Accordingly, Ted was once more ensconced in the little hut and how good
it seemed to be again in that familiar haunt only he realized. Before
the first day was over, he felt as if he had never been away. Pine Lea
might boast its conservatories, its sun parlors, its tiled baths, its
luxuries of every sort; they all faded into nothingness beside the
freedom and peace of the tiny shack at the river's margin.

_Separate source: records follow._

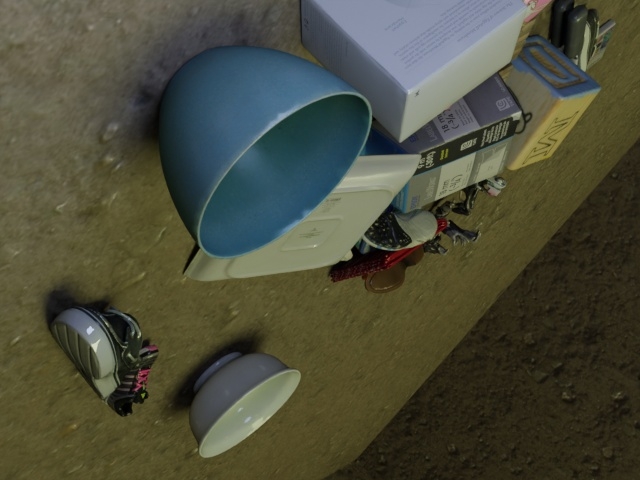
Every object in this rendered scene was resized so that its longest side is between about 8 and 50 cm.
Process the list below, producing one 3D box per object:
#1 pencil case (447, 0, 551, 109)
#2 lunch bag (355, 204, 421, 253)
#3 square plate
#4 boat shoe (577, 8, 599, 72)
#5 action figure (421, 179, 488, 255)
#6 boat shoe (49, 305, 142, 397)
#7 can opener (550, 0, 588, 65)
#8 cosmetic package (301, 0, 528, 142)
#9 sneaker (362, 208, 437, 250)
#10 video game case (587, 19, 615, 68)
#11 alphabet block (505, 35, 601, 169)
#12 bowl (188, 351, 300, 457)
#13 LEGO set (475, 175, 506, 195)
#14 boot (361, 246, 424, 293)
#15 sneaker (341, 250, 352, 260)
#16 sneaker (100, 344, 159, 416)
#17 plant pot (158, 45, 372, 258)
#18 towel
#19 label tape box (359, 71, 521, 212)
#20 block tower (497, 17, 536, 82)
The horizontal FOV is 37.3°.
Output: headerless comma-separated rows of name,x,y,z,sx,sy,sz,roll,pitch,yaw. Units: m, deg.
pencil case,0.275,-0.383,1.496,0.386,0.160,0.167,-44,-154,25
lunch bag,0.141,-0.075,2.032,0.176,0.090,0.219,-28,154,-29
square plate,-0.028,-0.029,1.674,0.347,0.049,0.344,-7,151,-35
boat shoe,0.596,-0.440,2.161,0.070,0.078,0.219,-37,158,-12
action figure,0.335,-0.040,2.392,0.276,0.141,0.164,-55,168,26
boat shoe,-0.357,0.161,1.562,0.119,0.121,0.335,-44,172,-20
can opener,0.521,-0.418,2.066,0.095,0.076,0.283,-42,159,-5
cosmetic package,0.127,-0.302,1.342,0.224,0.225,0.138,-37,159,-16
sneaker,0.149,-0.018,1.924,0.086,0.085,0.237,-20,172,38
video game case,0.646,-0.452,2.317,0.157,0.019,0.143,-37,159,-14
alphabet block,0.431,-0.292,1.991,0.193,0.192,0.197,-18,147,-46
bowl,-0.199,0.353,2.186,0.298,0.134,0.298,-38,160,-17
LEGO set,0.393,-0.221,2.190,0.107,0.132,0.287,-41,-168,49
boot,0.141,0.077,2.242,0.197,0.073,0.152,-32,-171,-36
sneaker,0.000,0.000,1.958,0.094,0.080,0.212,-32,154,4
sneaker,-0.353,0.273,1.820,0.170,0.075,0.063,-50,159,19
plant pot,-0.103,-0.145,1.267,0.290,0.195,0.290,-37,159,-17
towel,0.151,0.022,2.168,0.198,0.031,0.275,-33,-174,-28
label tape box,0.194,-0.161,1.792,0.333,0.106,0.241,-23,158,-8
block tower,0.330,-0.409,1.700,0.091,0.097,0.335,-32,156,-28

Meanwhile, with the gradual approach of spring, the sun mounted higher
and the great snow drifts settled and began to disappear. Already the
ice in the stream was breaking up and the turbid yellow waters went
rushing along, carrying with them whirling blocks of snow. As the
torrent swept past, it flooded the meadows and piled up against the dam
opposite the factories great frozen, jagged masses of ice which ground
and crashed against one another, so that the sounds could be distinctly
heard within the mills. At some points these miniature icebergs blocked
the falls and held the waters in check until, instead of cascading over
the dam, they spread inland, inundating the shores. The float before
Ted's door was covered and at night, when all was still and his windows
open, he could hear the roaring of the stream, and the impact of the
bumping ice as it sped along. Daily, as the snows on the far distant
hillsides near the river's source melted, the flood increased and
poured down in an ever rising tide its seething waters.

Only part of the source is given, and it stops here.